According to the results on Cora dataset (Table 4) DeepWalk and Node2Vec show similar performance with DeepWalk being slightly better when the percentage of labeled nodes is larger than 5%. HOPE shows inferior results (near to random) for node classification task. When comparing the results with text embedding techniques (Table 1), one can note that DeepWalk and Node2Vec outperform all the other algorithms at a significant margin. Moreover, the tendency holds for different values of labeled nodes. It generally means that the Cora graph structure has a higher correlation with the target.

Table 4:
Network methods for node classification (micro-F1, metric lies between (0,1) and higher value means better results).
% Labels 5% 10% 30% 50%
CORA
DeepWalk 0.72 ± 0.01 0.77 ± 0.00 0.81 ± 0.00 0.82 ± 0.01
Node2Vec 0.74 ± 0.01 0.76 ± 0.01 0.80 ± 0.00 0.81 ± 0.01
HOPE 0.29 ± 0.00 0.30 ± 0.00 0.30 ± 0.00 0.31 ± 0.00
CITESEER
DeepWalk 0.63 ± 0.00 0.65 ± 0.01 0.67 ± 0.00 0.68 ± 0.00
Node2Vec 0.63 ± 0.01 0.65 ± 0.00 0.67 ± 0.00 0.68 ± 0.00
HOPE 0.12 ± 0.00 0.13 ± 0.00 0.17 ± 0.00 0.20 ± 0.00
DBLP
DeepWalk 0.52 ± 0.00 0.53 ± 0.00 0.53 ± 0.00 0.53 ± 0.00
Node2Vec 0.52 ± 0.00 0.53 ± 0.00 0.53 ± 0.00 0.53 ± 0.00
HOPE 0.29 ± 0.01 0.30 ± 0.01 0.31 ± 0.00 0.31 ± 0.00
DOI: 10.7717/peerj-cs.526/table-4

Note:

The best values with respect to confidence intervals are highlighted in bold.

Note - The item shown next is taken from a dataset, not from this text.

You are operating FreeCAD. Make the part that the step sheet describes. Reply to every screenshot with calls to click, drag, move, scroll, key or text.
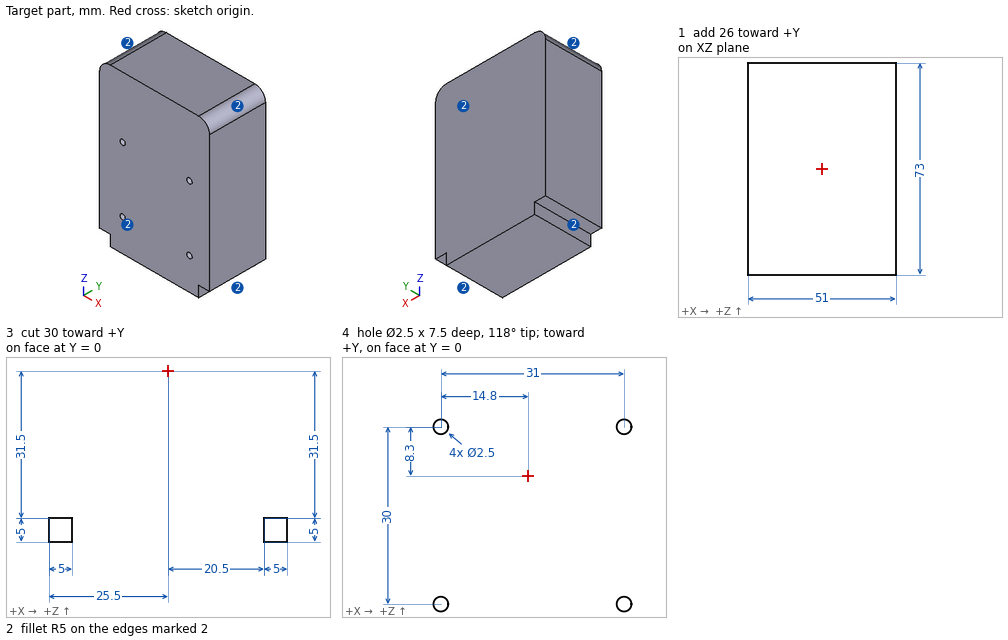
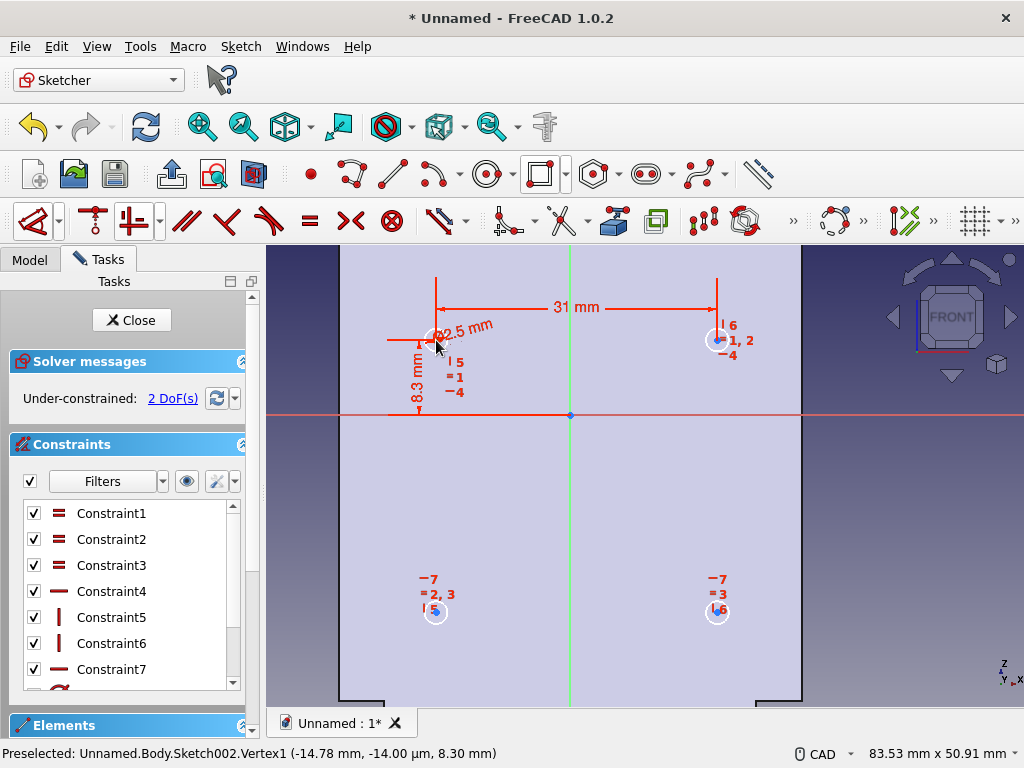
click(436, 613)
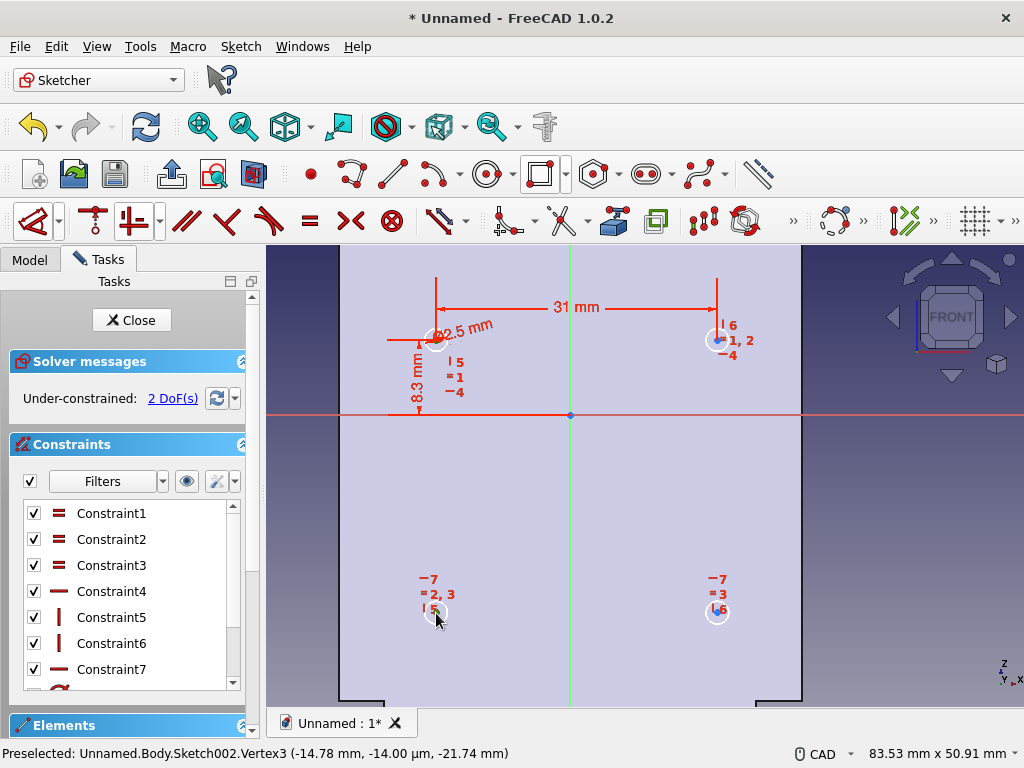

For Citeseer-M10 dataset (Table 4), DeepWalk and Node2Vec show identical performance for all labeled nodes’ values, whereas HOPE again performs quite poorly. Interestingly, in contrast with Cora, here, one can see that text embedding techniques outperform network embeddings.

Table 4 shows the results for network embedding methods on DBLP dataset. Similar to the Citeseer-M10 dataset, we can see that DeepWalk and Node2Vec perform equally. Also, one can see that text embedding techniques severely outperform network embeddings on this dataset.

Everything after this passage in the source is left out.